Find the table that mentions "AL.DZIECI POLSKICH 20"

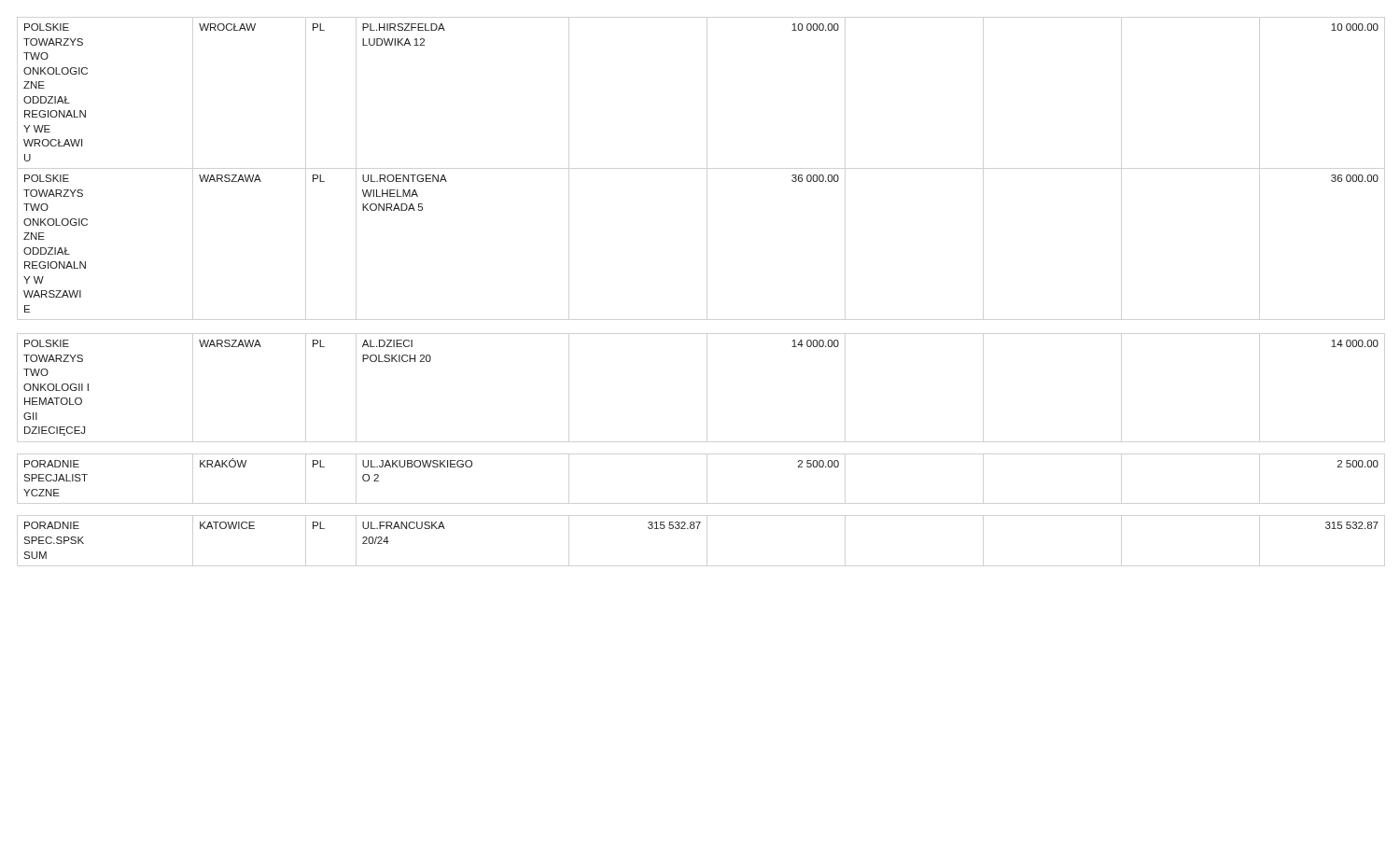[701, 292]
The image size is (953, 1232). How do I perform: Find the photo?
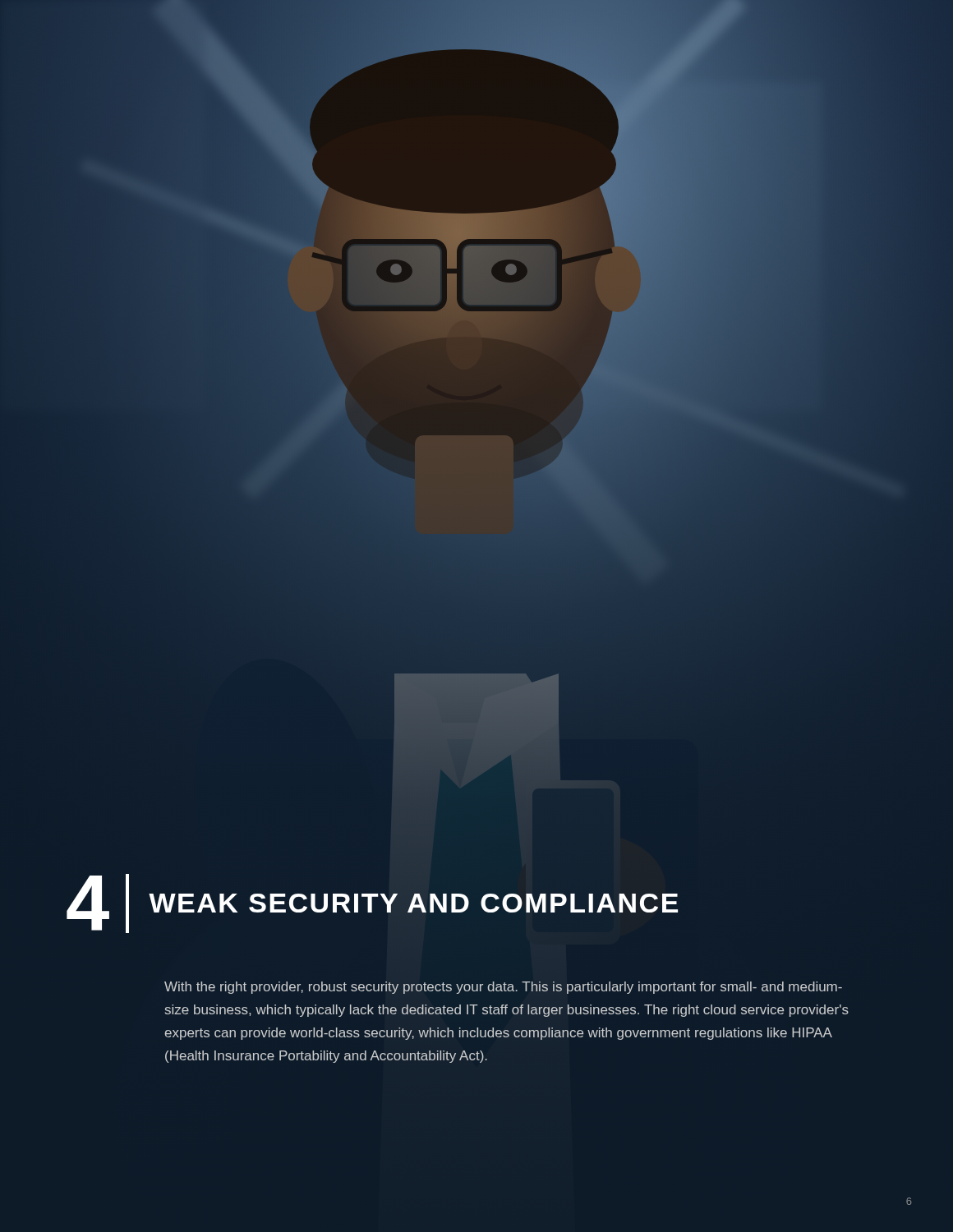[476, 616]
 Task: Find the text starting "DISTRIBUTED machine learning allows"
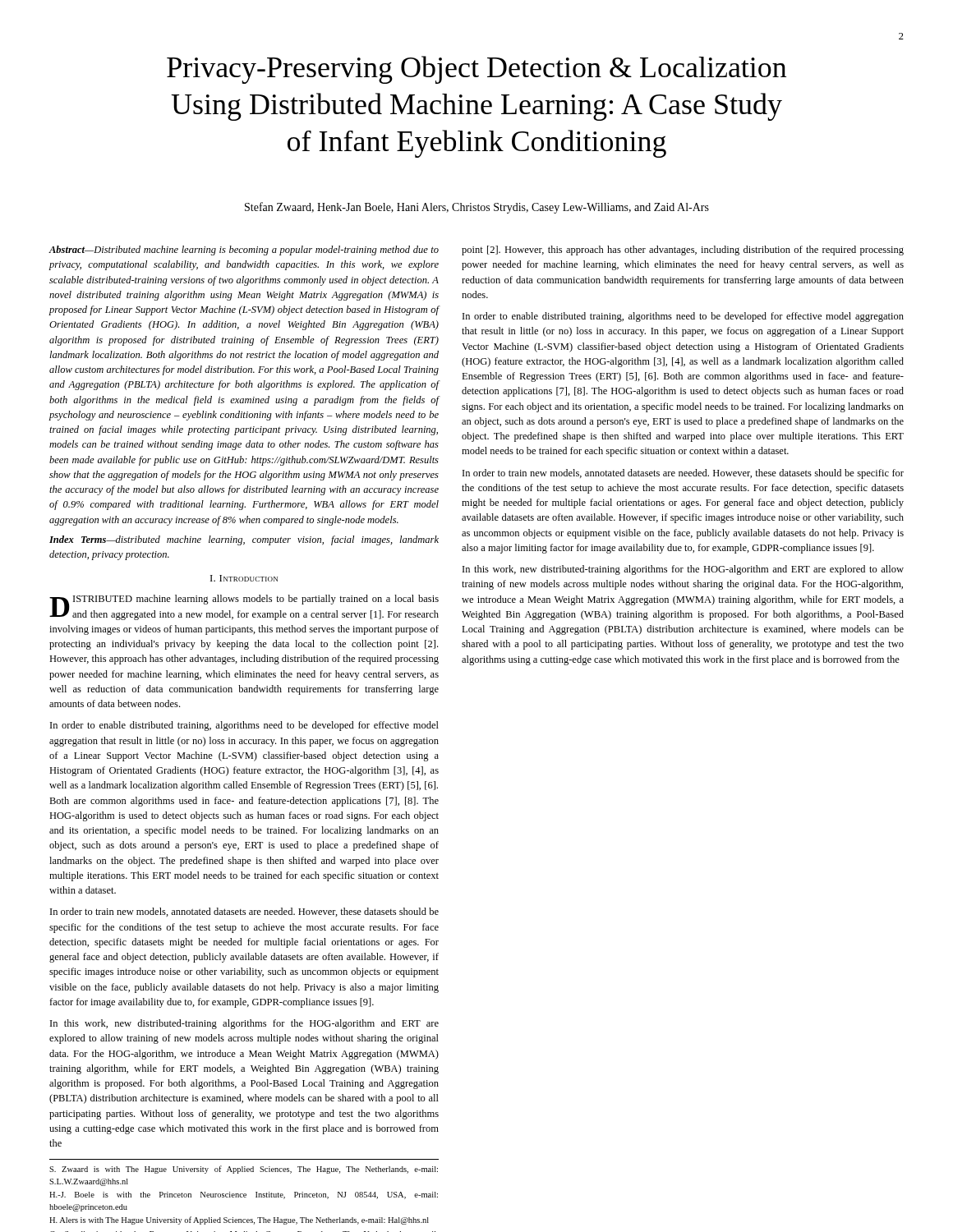click(244, 651)
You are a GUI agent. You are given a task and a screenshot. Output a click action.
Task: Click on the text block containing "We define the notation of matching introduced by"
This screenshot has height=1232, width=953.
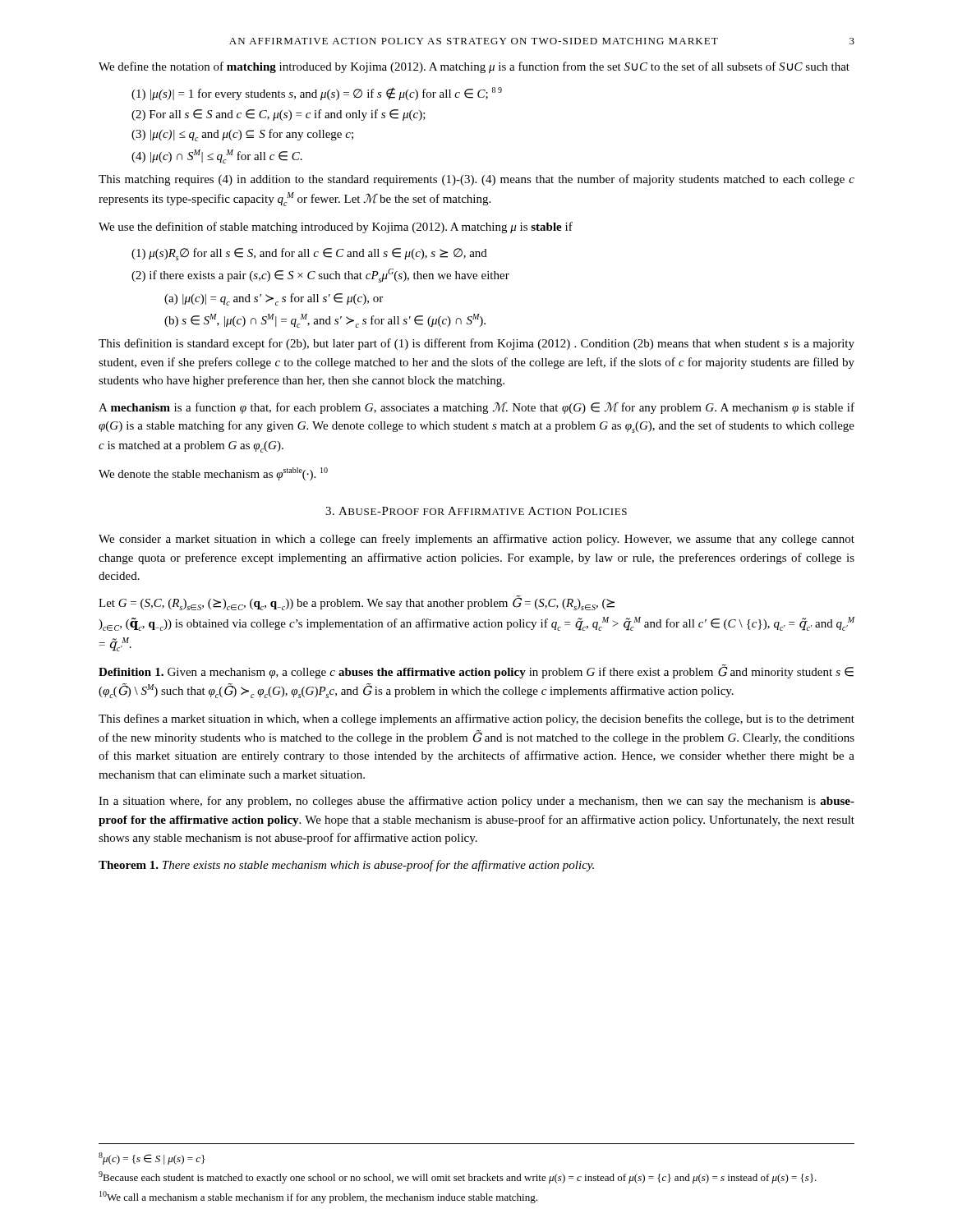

######

[EXERCISE BRIEF] Count, in the listing above, every line that includes "screenshot". The number is the whole answer.

[WRITTEN ANSWER] 2